Jakarta – Terlibat Pengadar Uang Palsu, Kades di Ngawi dan 2 Stafnya Dicokok Polisi. Polisi mengamankan lima orang sindikat pengedar uang palsu lintas provinsi. Dua di antaranya merupakan kepala desa aktif.
Kelimanya, DM (42), berstatus kepala desa aktif di Sine, Ngawi, ES (55), kepala desa aktif di Ngrambe, Ngawi, AS (41) Warga Sragen, AP (38) warga Kuningan, Jawa Barat dan TAS (47) warga Lampung Selatan.
“Kelima orang tersangka kini ditahan di Mapolres Ngawi. Dua orang di antaranya adalah kepala desa, yakni DM dan ES,” ujar Kepala Polres Ngawi, AKBP Charles Pandapotan Tampubolon saat merilis pengungkapan kasus uang palsu tersebut di Mapolres Ngawi, dilansir Antara, Jumat (30/5/2025).
Charles mengatakan, kasus tersebut terungkap dari keresahan warga terkait peredaran uang palsu di wilayah Kecamatan Ngrambe dan Sine. Warga pun melaporkan hal tersebut ke Polres Ngawi.
Dari penyelidikan yang dilakukan polres setempat, polisi menemukan jejak peredaran uang palsu di empat kabupaten, yakni Ngawi, Magetan, Madiun (ketiganya Jatim), dan Sragen, Jawa Tengah.
Edar di Toko-toko
Para pelaku mengedarkan uang palsu di toko kelontong, toko swalayan, warung, agen Brilink, hingga stasiun pengisian bahan bakar umum (SPBU). Transaksi dilakukan menggunakan rupiah palsu pecahan besar untuk mendapatkan uang asli.
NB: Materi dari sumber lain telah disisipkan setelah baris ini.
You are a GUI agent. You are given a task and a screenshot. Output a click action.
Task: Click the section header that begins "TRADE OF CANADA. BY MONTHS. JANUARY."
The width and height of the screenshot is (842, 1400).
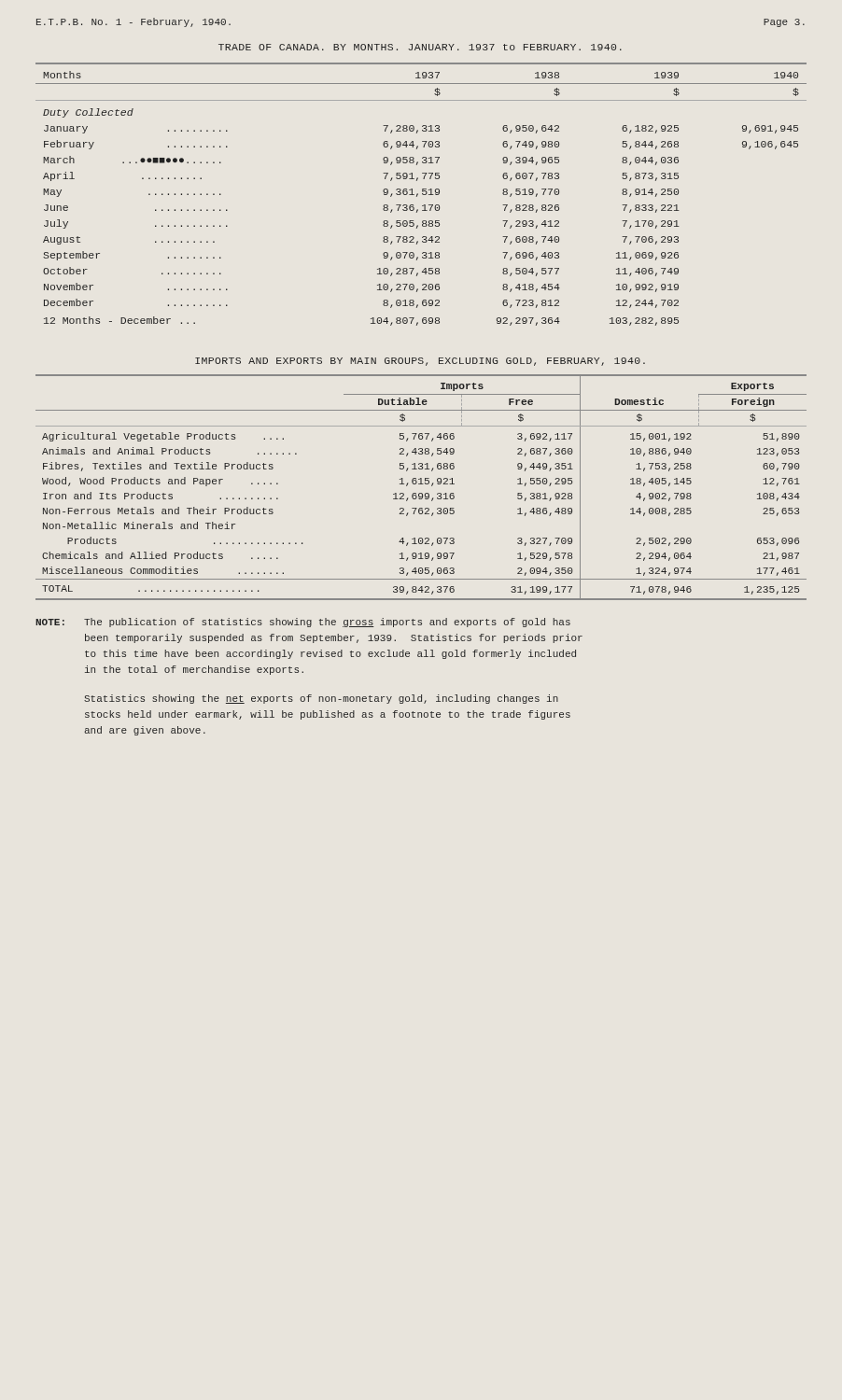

Setelah dilakukan penggeledahan, polisi menemukan uang palsu dalam berbagai mata uang, termasuk real Brasil dan dolar Amerika Serikat.
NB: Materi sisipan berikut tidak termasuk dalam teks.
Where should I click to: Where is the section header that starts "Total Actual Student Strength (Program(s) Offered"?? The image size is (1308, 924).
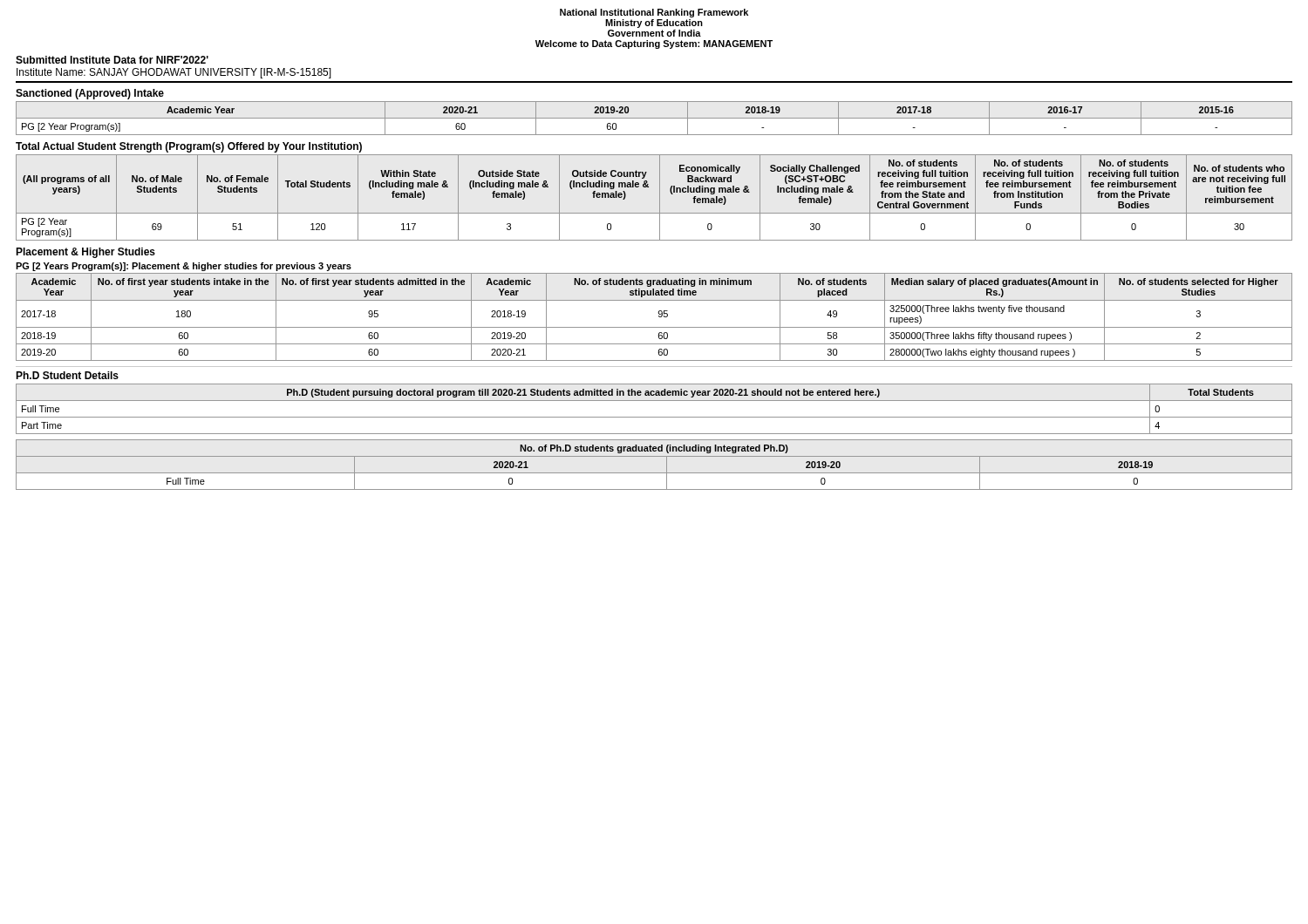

Barang bukti yang disita, di antaranya 5.040 lembar uang rupiah palsu pecahan Rp100.000, 1.000 lembar real Brasil palsu pecahan 5.000, 91 lembar dolar AS palsu pecahan 50 dolar, dan puluhan alat bantu, seperti mesin hitung, pemotong, LED, penggaris, dan mikroskop mini.
Uang palsu itu didapat dari tersangka AP dan TAS dengan skema satu banding tiga. Uang palsu itu diperoleh dan dikendalikan oleh “Mr X” yang saat ini masih diburu polisi.
“Kami duga ada aktor intelektual yang menjanjikan keuntungan cepat kepada para pelaku. Ini sedang kami dalami,” kata Kapolres.
Atas perbuatannya, para tersangka dijerat Pasal 36, 37, dan 26 Undang-Undang Nomor 7 Tahun 2011 tentang Mata Uang, serta Pasal 245 KUHP jo Pasal 55 KUHP dengan ancaman hukuman penjara maksimal 15 tahun.